Optimised Hybrid Classical-Quantum Algorithm for Accelerated Solution of Sparse Linear Systems
- URL: http://arxiv.org/abs/2410.02408v1
- Date: Thu, 3 Oct 2024 11:36:14 GMT
- Title: Optimised Hybrid Classical-Quantum Algorithm for Accelerated Solution of Sparse Linear Systems
- Authors: Hakikat Singh,
- Abstract summary: This paper introduces a hybrid classical-quantum algorithm that combines preconditioning techniques with the HHL algorithm to solve sparse linear systems more efficiently.
We show that the proposed approach surpasses traditional methods in speed and scalability but also mitigates some of the inherent limitations of quantum algorithms.
- Score: 0.0
- License: http://creativecommons.org/licenses/by/4.0/
- Abstract: Efficiently solving large-scale sparse linear systems poses a significant challenge in computational science, especially in fields such as physics, engineering, machine learning, and finance.
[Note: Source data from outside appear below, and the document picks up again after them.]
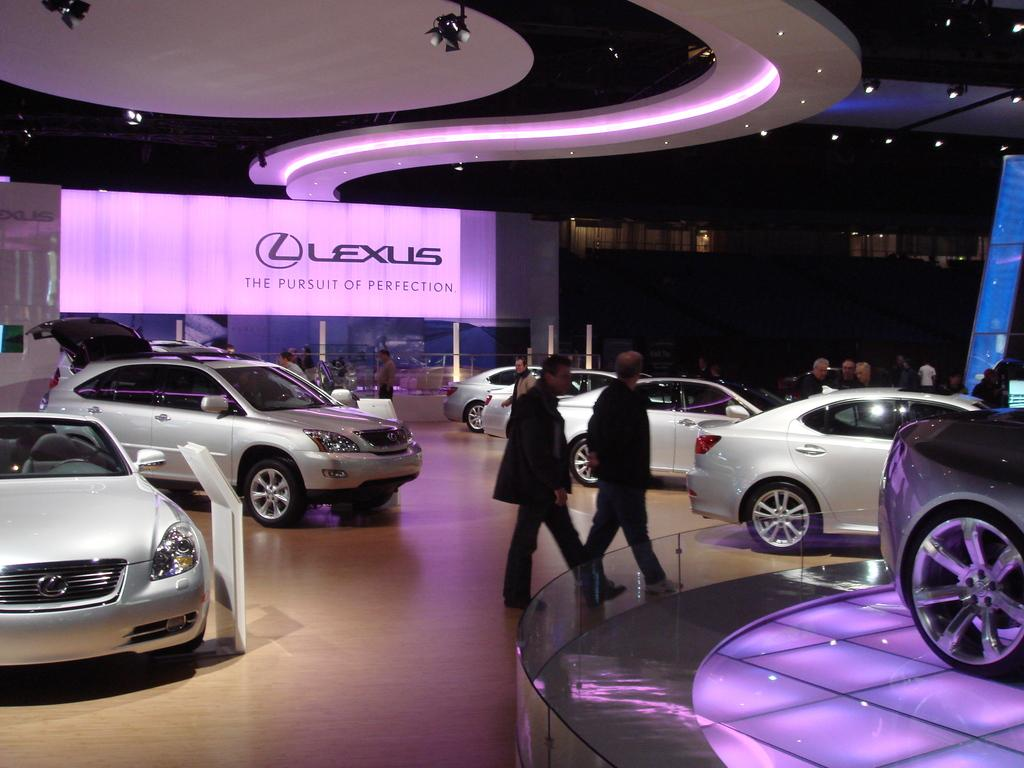What is the main subject in the image? There is a vehicle in the image. What else can be seen in the middle of the image? There are people standing in the middle of the image. What is visible above the people in the image? There is a ceiling visible in the image. What is present in the background of the image? There is a banner in the background of the image, and there is text on the banner. What type of game is being played in the image? There is no game present in the image. 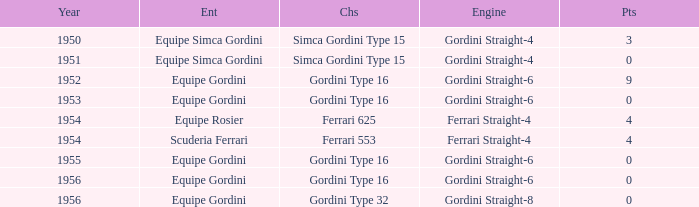How many points after 1956? 0.0. 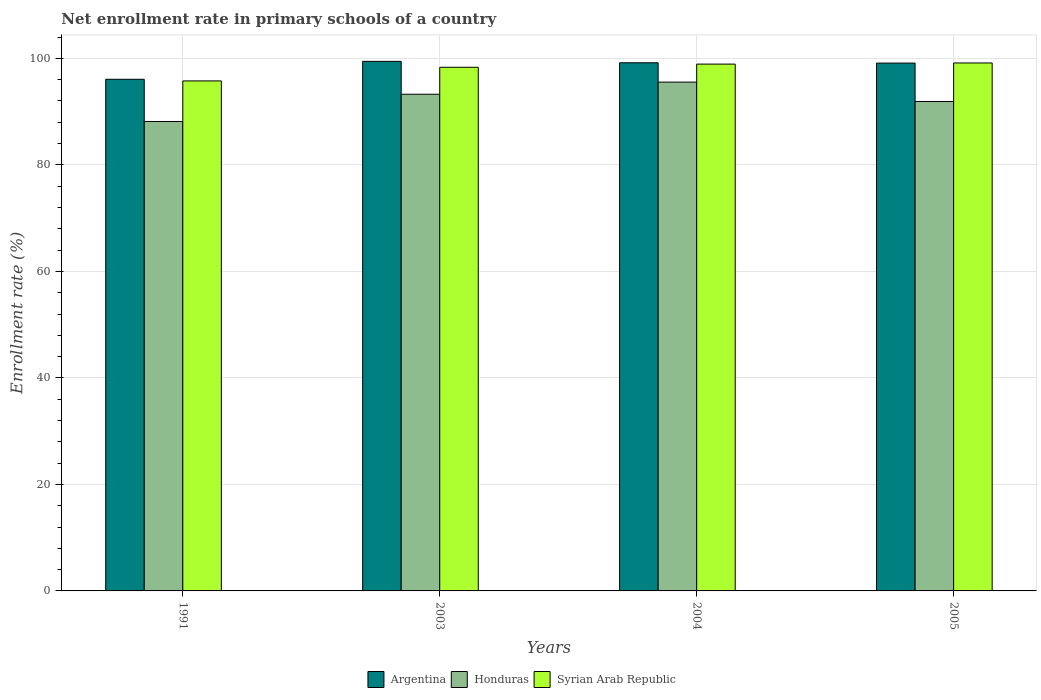How many different coloured bars are there?
Offer a very short reply. 3. How many groups of bars are there?
Offer a very short reply. 4. Are the number of bars per tick equal to the number of legend labels?
Provide a short and direct response. Yes. What is the label of the 2nd group of bars from the left?
Provide a short and direct response. 2003. What is the enrollment rate in primary schools in Syrian Arab Republic in 2003?
Offer a terse response. 98.33. Across all years, what is the maximum enrollment rate in primary schools in Syrian Arab Republic?
Your answer should be compact. 99.14. Across all years, what is the minimum enrollment rate in primary schools in Argentina?
Make the answer very short. 96.08. What is the total enrollment rate in primary schools in Argentina in the graph?
Give a very brief answer. 393.82. What is the difference between the enrollment rate in primary schools in Syrian Arab Republic in 1991 and that in 2004?
Your answer should be very brief. -3.16. What is the difference between the enrollment rate in primary schools in Argentina in 2003 and the enrollment rate in primary schools in Honduras in 2004?
Your response must be concise. 3.9. What is the average enrollment rate in primary schools in Syrian Arab Republic per year?
Offer a very short reply. 98.04. In the year 2005, what is the difference between the enrollment rate in primary schools in Honduras and enrollment rate in primary schools in Argentina?
Provide a succinct answer. -7.21. What is the ratio of the enrollment rate in primary schools in Honduras in 1991 to that in 2005?
Ensure brevity in your answer.  0.96. Is the enrollment rate in primary schools in Syrian Arab Republic in 2003 less than that in 2004?
Keep it short and to the point. Yes. Is the difference between the enrollment rate in primary schools in Honduras in 1991 and 2003 greater than the difference between the enrollment rate in primary schools in Argentina in 1991 and 2003?
Ensure brevity in your answer.  No. What is the difference between the highest and the second highest enrollment rate in primary schools in Honduras?
Ensure brevity in your answer.  2.28. What is the difference between the highest and the lowest enrollment rate in primary schools in Syrian Arab Republic?
Keep it short and to the point. 3.37. What does the 3rd bar from the left in 2005 represents?
Your answer should be very brief. Syrian Arab Republic. What does the 2nd bar from the right in 2005 represents?
Offer a terse response. Honduras. Is it the case that in every year, the sum of the enrollment rate in primary schools in Syrian Arab Republic and enrollment rate in primary schools in Honduras is greater than the enrollment rate in primary schools in Argentina?
Your answer should be very brief. Yes. How many bars are there?
Offer a very short reply. 12. How many years are there in the graph?
Your answer should be compact. 4. What is the difference between two consecutive major ticks on the Y-axis?
Make the answer very short. 20. Are the values on the major ticks of Y-axis written in scientific E-notation?
Provide a short and direct response. No. Does the graph contain any zero values?
Your response must be concise. No. Where does the legend appear in the graph?
Your answer should be compact. Bottom center. What is the title of the graph?
Keep it short and to the point. Net enrollment rate in primary schools of a country. What is the label or title of the X-axis?
Offer a terse response. Years. What is the label or title of the Y-axis?
Your answer should be very brief. Enrollment rate (%). What is the Enrollment rate (%) of Argentina in 1991?
Give a very brief answer. 96.08. What is the Enrollment rate (%) in Honduras in 1991?
Keep it short and to the point. 88.15. What is the Enrollment rate (%) in Syrian Arab Republic in 1991?
Make the answer very short. 95.77. What is the Enrollment rate (%) of Argentina in 2003?
Your response must be concise. 99.44. What is the Enrollment rate (%) of Honduras in 2003?
Your response must be concise. 93.27. What is the Enrollment rate (%) of Syrian Arab Republic in 2003?
Your response must be concise. 98.33. What is the Enrollment rate (%) in Argentina in 2004?
Keep it short and to the point. 99.18. What is the Enrollment rate (%) of Honduras in 2004?
Keep it short and to the point. 95.55. What is the Enrollment rate (%) in Syrian Arab Republic in 2004?
Make the answer very short. 98.93. What is the Enrollment rate (%) of Argentina in 2005?
Your answer should be compact. 99.12. What is the Enrollment rate (%) of Honduras in 2005?
Provide a succinct answer. 91.91. What is the Enrollment rate (%) of Syrian Arab Republic in 2005?
Your answer should be very brief. 99.14. Across all years, what is the maximum Enrollment rate (%) in Argentina?
Provide a succinct answer. 99.44. Across all years, what is the maximum Enrollment rate (%) in Honduras?
Provide a short and direct response. 95.55. Across all years, what is the maximum Enrollment rate (%) of Syrian Arab Republic?
Ensure brevity in your answer.  99.14. Across all years, what is the minimum Enrollment rate (%) in Argentina?
Offer a very short reply. 96.08. Across all years, what is the minimum Enrollment rate (%) of Honduras?
Your response must be concise. 88.15. Across all years, what is the minimum Enrollment rate (%) in Syrian Arab Republic?
Your answer should be very brief. 95.77. What is the total Enrollment rate (%) in Argentina in the graph?
Your answer should be very brief. 393.82. What is the total Enrollment rate (%) in Honduras in the graph?
Give a very brief answer. 368.87. What is the total Enrollment rate (%) in Syrian Arab Republic in the graph?
Your answer should be very brief. 392.18. What is the difference between the Enrollment rate (%) of Argentina in 1991 and that in 2003?
Your response must be concise. -3.36. What is the difference between the Enrollment rate (%) in Honduras in 1991 and that in 2003?
Your response must be concise. -5.12. What is the difference between the Enrollment rate (%) in Syrian Arab Republic in 1991 and that in 2003?
Keep it short and to the point. -2.56. What is the difference between the Enrollment rate (%) of Argentina in 1991 and that in 2004?
Your answer should be compact. -3.1. What is the difference between the Enrollment rate (%) in Honduras in 1991 and that in 2004?
Offer a very short reply. -7.4. What is the difference between the Enrollment rate (%) of Syrian Arab Republic in 1991 and that in 2004?
Make the answer very short. -3.16. What is the difference between the Enrollment rate (%) of Argentina in 1991 and that in 2005?
Provide a short and direct response. -3.04. What is the difference between the Enrollment rate (%) in Honduras in 1991 and that in 2005?
Keep it short and to the point. -3.76. What is the difference between the Enrollment rate (%) of Syrian Arab Republic in 1991 and that in 2005?
Make the answer very short. -3.37. What is the difference between the Enrollment rate (%) in Argentina in 2003 and that in 2004?
Provide a short and direct response. 0.27. What is the difference between the Enrollment rate (%) in Honduras in 2003 and that in 2004?
Your answer should be very brief. -2.28. What is the difference between the Enrollment rate (%) in Syrian Arab Republic in 2003 and that in 2004?
Make the answer very short. -0.6. What is the difference between the Enrollment rate (%) of Argentina in 2003 and that in 2005?
Your answer should be compact. 0.33. What is the difference between the Enrollment rate (%) in Honduras in 2003 and that in 2005?
Provide a succinct answer. 1.36. What is the difference between the Enrollment rate (%) of Syrian Arab Republic in 2003 and that in 2005?
Provide a succinct answer. -0.81. What is the difference between the Enrollment rate (%) in Argentina in 2004 and that in 2005?
Provide a succinct answer. 0.06. What is the difference between the Enrollment rate (%) in Honduras in 2004 and that in 2005?
Your response must be concise. 3.64. What is the difference between the Enrollment rate (%) of Syrian Arab Republic in 2004 and that in 2005?
Offer a very short reply. -0.21. What is the difference between the Enrollment rate (%) of Argentina in 1991 and the Enrollment rate (%) of Honduras in 2003?
Your response must be concise. 2.81. What is the difference between the Enrollment rate (%) of Argentina in 1991 and the Enrollment rate (%) of Syrian Arab Republic in 2003?
Offer a terse response. -2.25. What is the difference between the Enrollment rate (%) of Honduras in 1991 and the Enrollment rate (%) of Syrian Arab Republic in 2003?
Give a very brief answer. -10.19. What is the difference between the Enrollment rate (%) of Argentina in 1991 and the Enrollment rate (%) of Honduras in 2004?
Your answer should be very brief. 0.53. What is the difference between the Enrollment rate (%) in Argentina in 1991 and the Enrollment rate (%) in Syrian Arab Republic in 2004?
Provide a short and direct response. -2.85. What is the difference between the Enrollment rate (%) in Honduras in 1991 and the Enrollment rate (%) in Syrian Arab Republic in 2004?
Your answer should be compact. -10.78. What is the difference between the Enrollment rate (%) in Argentina in 1991 and the Enrollment rate (%) in Honduras in 2005?
Keep it short and to the point. 4.17. What is the difference between the Enrollment rate (%) of Argentina in 1991 and the Enrollment rate (%) of Syrian Arab Republic in 2005?
Offer a terse response. -3.06. What is the difference between the Enrollment rate (%) of Honduras in 1991 and the Enrollment rate (%) of Syrian Arab Republic in 2005?
Give a very brief answer. -11. What is the difference between the Enrollment rate (%) of Argentina in 2003 and the Enrollment rate (%) of Honduras in 2004?
Keep it short and to the point. 3.9. What is the difference between the Enrollment rate (%) of Argentina in 2003 and the Enrollment rate (%) of Syrian Arab Republic in 2004?
Provide a short and direct response. 0.51. What is the difference between the Enrollment rate (%) in Honduras in 2003 and the Enrollment rate (%) in Syrian Arab Republic in 2004?
Ensure brevity in your answer.  -5.66. What is the difference between the Enrollment rate (%) in Argentina in 2003 and the Enrollment rate (%) in Honduras in 2005?
Provide a short and direct response. 7.53. What is the difference between the Enrollment rate (%) in Argentina in 2003 and the Enrollment rate (%) in Syrian Arab Republic in 2005?
Make the answer very short. 0.3. What is the difference between the Enrollment rate (%) of Honduras in 2003 and the Enrollment rate (%) of Syrian Arab Republic in 2005?
Give a very brief answer. -5.87. What is the difference between the Enrollment rate (%) of Argentina in 2004 and the Enrollment rate (%) of Honduras in 2005?
Your answer should be compact. 7.27. What is the difference between the Enrollment rate (%) of Argentina in 2004 and the Enrollment rate (%) of Syrian Arab Republic in 2005?
Make the answer very short. 0.03. What is the difference between the Enrollment rate (%) in Honduras in 2004 and the Enrollment rate (%) in Syrian Arab Republic in 2005?
Offer a very short reply. -3.6. What is the average Enrollment rate (%) of Argentina per year?
Your response must be concise. 98.45. What is the average Enrollment rate (%) of Honduras per year?
Offer a very short reply. 92.22. What is the average Enrollment rate (%) in Syrian Arab Republic per year?
Provide a succinct answer. 98.04. In the year 1991, what is the difference between the Enrollment rate (%) of Argentina and Enrollment rate (%) of Honduras?
Offer a very short reply. 7.93. In the year 1991, what is the difference between the Enrollment rate (%) in Argentina and Enrollment rate (%) in Syrian Arab Republic?
Your answer should be very brief. 0.31. In the year 1991, what is the difference between the Enrollment rate (%) of Honduras and Enrollment rate (%) of Syrian Arab Republic?
Give a very brief answer. -7.62. In the year 2003, what is the difference between the Enrollment rate (%) in Argentina and Enrollment rate (%) in Honduras?
Ensure brevity in your answer.  6.18. In the year 2003, what is the difference between the Enrollment rate (%) of Argentina and Enrollment rate (%) of Syrian Arab Republic?
Your response must be concise. 1.11. In the year 2003, what is the difference between the Enrollment rate (%) of Honduras and Enrollment rate (%) of Syrian Arab Republic?
Ensure brevity in your answer.  -5.06. In the year 2004, what is the difference between the Enrollment rate (%) in Argentina and Enrollment rate (%) in Honduras?
Your response must be concise. 3.63. In the year 2004, what is the difference between the Enrollment rate (%) in Argentina and Enrollment rate (%) in Syrian Arab Republic?
Ensure brevity in your answer.  0.25. In the year 2004, what is the difference between the Enrollment rate (%) of Honduras and Enrollment rate (%) of Syrian Arab Republic?
Keep it short and to the point. -3.38. In the year 2005, what is the difference between the Enrollment rate (%) in Argentina and Enrollment rate (%) in Honduras?
Give a very brief answer. 7.21. In the year 2005, what is the difference between the Enrollment rate (%) in Argentina and Enrollment rate (%) in Syrian Arab Republic?
Ensure brevity in your answer.  -0.03. In the year 2005, what is the difference between the Enrollment rate (%) of Honduras and Enrollment rate (%) of Syrian Arab Republic?
Provide a succinct answer. -7.23. What is the ratio of the Enrollment rate (%) of Argentina in 1991 to that in 2003?
Your answer should be very brief. 0.97. What is the ratio of the Enrollment rate (%) in Honduras in 1991 to that in 2003?
Ensure brevity in your answer.  0.95. What is the ratio of the Enrollment rate (%) in Syrian Arab Republic in 1991 to that in 2003?
Keep it short and to the point. 0.97. What is the ratio of the Enrollment rate (%) of Argentina in 1991 to that in 2004?
Ensure brevity in your answer.  0.97. What is the ratio of the Enrollment rate (%) of Honduras in 1991 to that in 2004?
Give a very brief answer. 0.92. What is the ratio of the Enrollment rate (%) of Syrian Arab Republic in 1991 to that in 2004?
Give a very brief answer. 0.97. What is the ratio of the Enrollment rate (%) in Argentina in 1991 to that in 2005?
Your response must be concise. 0.97. What is the ratio of the Enrollment rate (%) of Honduras in 1991 to that in 2005?
Offer a very short reply. 0.96. What is the ratio of the Enrollment rate (%) in Argentina in 2003 to that in 2004?
Ensure brevity in your answer.  1. What is the ratio of the Enrollment rate (%) in Honduras in 2003 to that in 2004?
Offer a terse response. 0.98. What is the ratio of the Enrollment rate (%) in Syrian Arab Republic in 2003 to that in 2004?
Your answer should be very brief. 0.99. What is the ratio of the Enrollment rate (%) in Honduras in 2003 to that in 2005?
Offer a terse response. 1.01. What is the ratio of the Enrollment rate (%) in Honduras in 2004 to that in 2005?
Your answer should be compact. 1.04. What is the ratio of the Enrollment rate (%) in Syrian Arab Republic in 2004 to that in 2005?
Give a very brief answer. 1. What is the difference between the highest and the second highest Enrollment rate (%) in Argentina?
Give a very brief answer. 0.27. What is the difference between the highest and the second highest Enrollment rate (%) of Honduras?
Ensure brevity in your answer.  2.28. What is the difference between the highest and the second highest Enrollment rate (%) of Syrian Arab Republic?
Provide a short and direct response. 0.21. What is the difference between the highest and the lowest Enrollment rate (%) of Argentina?
Ensure brevity in your answer.  3.36. What is the difference between the highest and the lowest Enrollment rate (%) in Honduras?
Ensure brevity in your answer.  7.4. What is the difference between the highest and the lowest Enrollment rate (%) in Syrian Arab Republic?
Provide a succinct answer. 3.37.

Traditional classical algorithms face scalability issues as the size of these systems increases, leading to performance degradation. On the other hand, quantum algorithms, like the Harrow-Hassidim-Lloyd (HHL) algorithm, offer exponential speedups for solving linear systems, yet they are constrained by the current state of quantum hardware and sensitivity to matrix condition numbers. This paper introduces a hybrid classical-quantum algorithm that combines CUDA-accelerated preconditioning techniques with the HHL algorithm to solve sparse linear systems more efficiently. The classical GPU parallelism is utilised to preprocess and precondition the matrix, reducing its condition number, while quantum computing is employed to solve the preconditioned system using the HHL algorithm. Additionally, the algorithm integrates machine learning models, particularly reinforcement learning, to dynamically optimise system parameters, such as block sizes and preconditioning stratgies, based on real-time performance data. Our experimental results show that the proposed approach not only surpasses traditional methods in speed and scalability but also mitigates some of the inherent limitations of quantum algorithms. This work pushes the boundaries of efficient computing and provides a foundation for future advancements in hybrid computational frameworks.